(Task brief): Omit the images and return the remaining entries unchanged.

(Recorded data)
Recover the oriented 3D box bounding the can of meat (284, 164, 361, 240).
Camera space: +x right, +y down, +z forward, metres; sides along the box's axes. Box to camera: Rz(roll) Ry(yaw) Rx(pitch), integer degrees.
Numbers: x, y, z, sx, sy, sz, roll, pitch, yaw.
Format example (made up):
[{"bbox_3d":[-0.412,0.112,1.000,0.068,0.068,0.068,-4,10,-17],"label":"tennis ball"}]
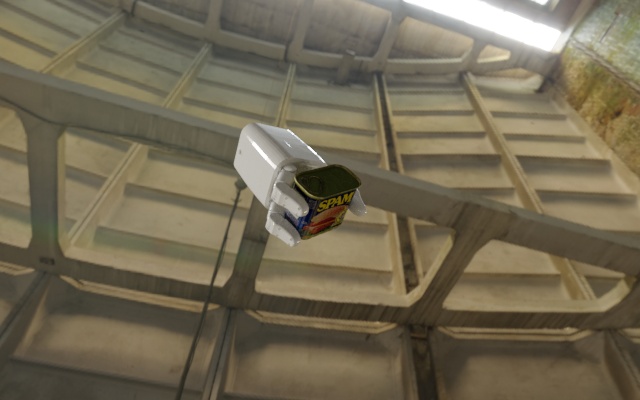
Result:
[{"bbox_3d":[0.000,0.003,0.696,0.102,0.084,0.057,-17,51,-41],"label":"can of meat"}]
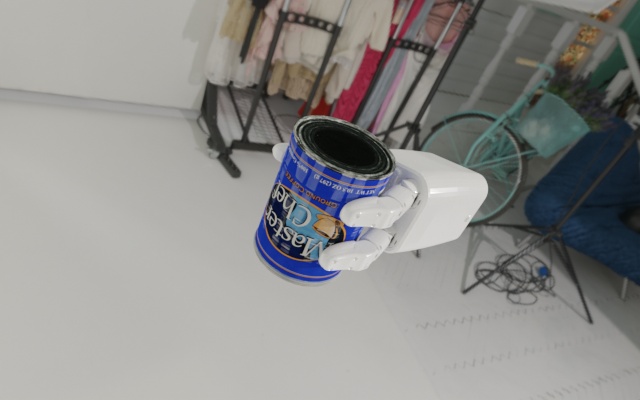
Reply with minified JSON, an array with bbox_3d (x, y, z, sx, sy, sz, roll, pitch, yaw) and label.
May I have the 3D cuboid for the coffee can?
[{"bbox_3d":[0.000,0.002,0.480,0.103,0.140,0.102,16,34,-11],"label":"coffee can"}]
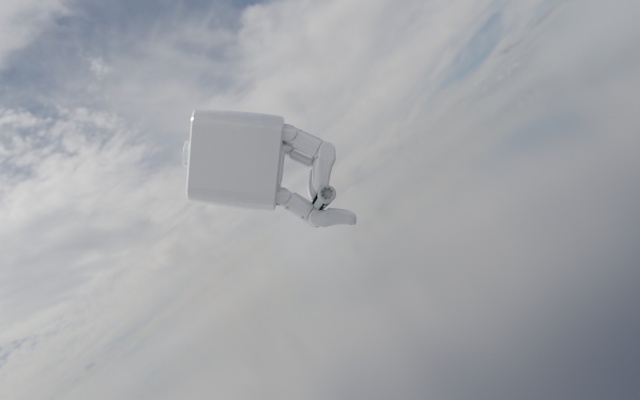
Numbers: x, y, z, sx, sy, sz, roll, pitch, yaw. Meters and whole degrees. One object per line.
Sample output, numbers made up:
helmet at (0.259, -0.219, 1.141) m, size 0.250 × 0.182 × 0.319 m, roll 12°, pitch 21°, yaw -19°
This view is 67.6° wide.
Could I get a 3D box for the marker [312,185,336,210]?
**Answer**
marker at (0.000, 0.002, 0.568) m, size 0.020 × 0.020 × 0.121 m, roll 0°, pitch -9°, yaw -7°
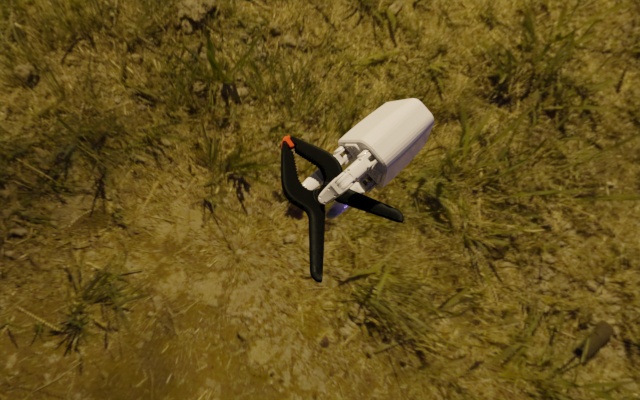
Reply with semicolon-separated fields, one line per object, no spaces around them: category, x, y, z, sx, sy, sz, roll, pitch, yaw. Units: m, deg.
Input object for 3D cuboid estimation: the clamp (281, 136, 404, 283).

(Result for this task):
Recover the oriented 3D box bounding the can of meat (284, 164, 361, 240).
Camera space: +x right, +y down, +z forward, metres; sides along the box's axes. Box to camera: Rz(roll) Ry(yaw) Rx(pitch), integer degrees.
Numbers: x, y, z, sx, sy, sz, roll, pitch, yaw.
Format example (made up):
[{"bbox_3d":[-0.412,0.112,1.000,0.068,0.068,0.068,-4,10,-17],"label":"tennis ball"}]
Result:
[{"bbox_3d":[0.000,0.003,0.696,0.102,0.084,0.057,-17,51,-41],"label":"can of meat"}]
Reply with minified JSON, an array with bbox_3d (x, y, z, sx, sy, sz, roll, pitch, yaw) and label.
May I have the 3D cuboid for the coffee can?
[{"bbox_3d":[0.000,0.002,0.480,0.103,0.140,0.102,16,34,-11],"label":"coffee can"}]
Numbers: x, y, z, sx, sy, sz, roll, pitch, yaw. Meters and whole degrees. One object per line.
Sample output, numbers made up:
helmet at (0.259, -0.219, 1.141) m, size 0.250 × 0.182 × 0.319 m, roll 12°, pitch 21°, yaw -19°
This view is 67.6° wide.
Could I get a 3D box for the marker [312,185,336,210]?
**Answer**
marker at (0.000, 0.002, 0.568) m, size 0.020 × 0.020 × 0.121 m, roll 0°, pitch -9°, yaw -7°
Reply with semicolon-separated fields, one line per object, no spaces around them: category, x, y, z, sx, sy, sz, roll, pitch, yaw. Units: m, deg.
Input object for 3D cuboid estimation: the clamp (281, 136, 404, 283).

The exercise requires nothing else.